For me, mathematics is reasoning, and most of the stats classes I've seen have had no reason whatsoever. It was all memorization and "this is true by definition" when professors didn't know what the background material was.
Statistics can be a great mathematical study, for someone who starts with a strong background in probability and counting.
Aside...
One problem that faces prob/stat is the lack of a good calculus. It's not accidental that most computer algebras don't have probability support, and when they do it's nearly unusable. Consider the following word problem:
"You roll a 6 sided dice. What is the probability that it comes up one?"
Answer: 1/6
"Added information: the evens are twice as heavy (likely to land) as the odds."
Answer: 1/9
An intuitive approach to a calculus of probability breaks the rule: $$\underline{A \vdash B} \\ A \land X \vdash B$$
Furthermore, in complex problems random variables do a poor job of capturing complex propositional dependencies and independencies.
Simple examples can be explained away with intuition, but the point of a calculus is to avoid the need for intution (as far as verification goes anyway).
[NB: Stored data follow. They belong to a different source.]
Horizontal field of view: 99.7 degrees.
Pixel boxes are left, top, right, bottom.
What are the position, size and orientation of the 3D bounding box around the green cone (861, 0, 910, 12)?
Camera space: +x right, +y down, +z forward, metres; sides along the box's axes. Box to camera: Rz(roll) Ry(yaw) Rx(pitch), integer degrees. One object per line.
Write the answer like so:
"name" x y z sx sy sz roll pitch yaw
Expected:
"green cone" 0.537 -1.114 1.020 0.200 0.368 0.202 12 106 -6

I'm sure my opinion is in the minority, but I still think that there is a lot of good progress that can be make in foundations of prob/stat.
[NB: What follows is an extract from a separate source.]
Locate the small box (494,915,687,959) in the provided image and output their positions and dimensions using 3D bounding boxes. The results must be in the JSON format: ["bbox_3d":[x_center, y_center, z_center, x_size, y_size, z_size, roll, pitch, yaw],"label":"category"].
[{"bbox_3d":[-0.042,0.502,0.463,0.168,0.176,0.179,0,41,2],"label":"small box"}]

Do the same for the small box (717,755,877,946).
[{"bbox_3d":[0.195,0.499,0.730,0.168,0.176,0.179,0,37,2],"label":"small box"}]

At my university, the departments are separate. While they have a bit of interaction (i.e. we share a restroom on the second floor), there is very little contact between the two departments. This is true from the earliest freshman classes, clear through to professorial research. The two departments really do not interact. So while the subject matter may be similar ("numbers"), for all intents and purposes, the two fields might as well be totally separate.
One other thing I note is that to get a math degree at my institution, one needs to take a single stats course. In fact, only one stats course can even be counted towards a degree in math. That is the most they will count. But, the stats department requires multiple math courses to earn a degree (BS) in stats.
My personal view on the matter is that stats is a branch of applied math, much like earning a degree in Korean is a branch of linguistics; but, much of the lingual theory of the latter is avoided in earning the former.